### EXERCISE INSTRUCTIONS
Using the records below, locate all lines containing "whole" and return them.

### DATASET CONTENT
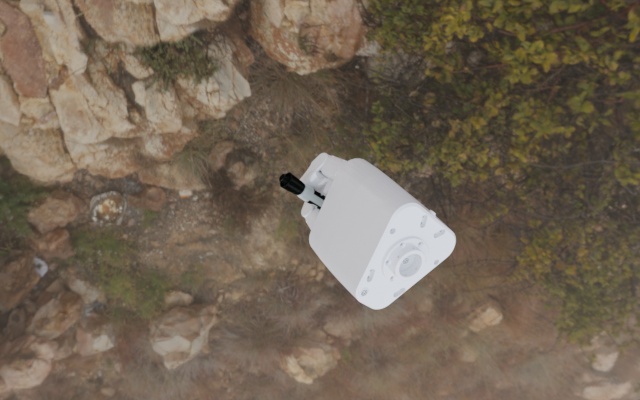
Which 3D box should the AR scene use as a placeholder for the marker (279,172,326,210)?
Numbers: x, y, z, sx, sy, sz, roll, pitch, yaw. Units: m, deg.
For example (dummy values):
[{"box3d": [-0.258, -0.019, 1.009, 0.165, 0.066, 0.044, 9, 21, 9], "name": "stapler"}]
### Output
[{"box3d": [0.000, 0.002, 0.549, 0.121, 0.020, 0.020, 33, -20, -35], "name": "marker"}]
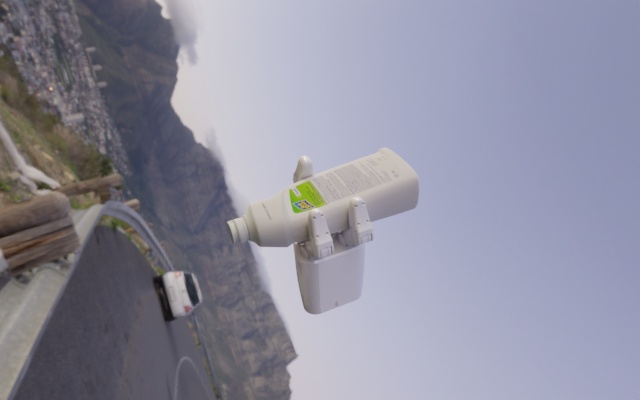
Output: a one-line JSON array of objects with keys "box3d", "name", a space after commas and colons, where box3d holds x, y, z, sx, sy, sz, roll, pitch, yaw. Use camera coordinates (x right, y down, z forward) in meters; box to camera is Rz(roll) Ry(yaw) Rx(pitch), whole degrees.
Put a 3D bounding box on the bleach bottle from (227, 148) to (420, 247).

* * *

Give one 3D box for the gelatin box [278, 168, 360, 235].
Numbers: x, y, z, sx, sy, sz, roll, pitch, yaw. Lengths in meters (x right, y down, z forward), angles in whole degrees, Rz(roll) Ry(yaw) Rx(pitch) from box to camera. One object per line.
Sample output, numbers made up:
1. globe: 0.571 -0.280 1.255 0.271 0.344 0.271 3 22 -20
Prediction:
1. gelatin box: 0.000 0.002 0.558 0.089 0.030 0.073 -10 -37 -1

### TASK SOLUTION
Output: a one-line JSON array of objects with keys "box3d", "name", a space after commas and colons, where box3d holds x, y, z, sx, sy, sz, roll, pitch, yaw. Use camera coordinates (x right, y down, z forward) in meters; box to camera is Rz(roll) Ry(yaw) Rx(pitch), whole degrees.
Numbers: x, y, z, sx, sy, sz, roll, pitch, yaw. Lengths in meters (x right, y down, z forward), angles in whole degrees, Rz(roll) Ry(yaw) Rx(pitch) from box to camera. One object per line.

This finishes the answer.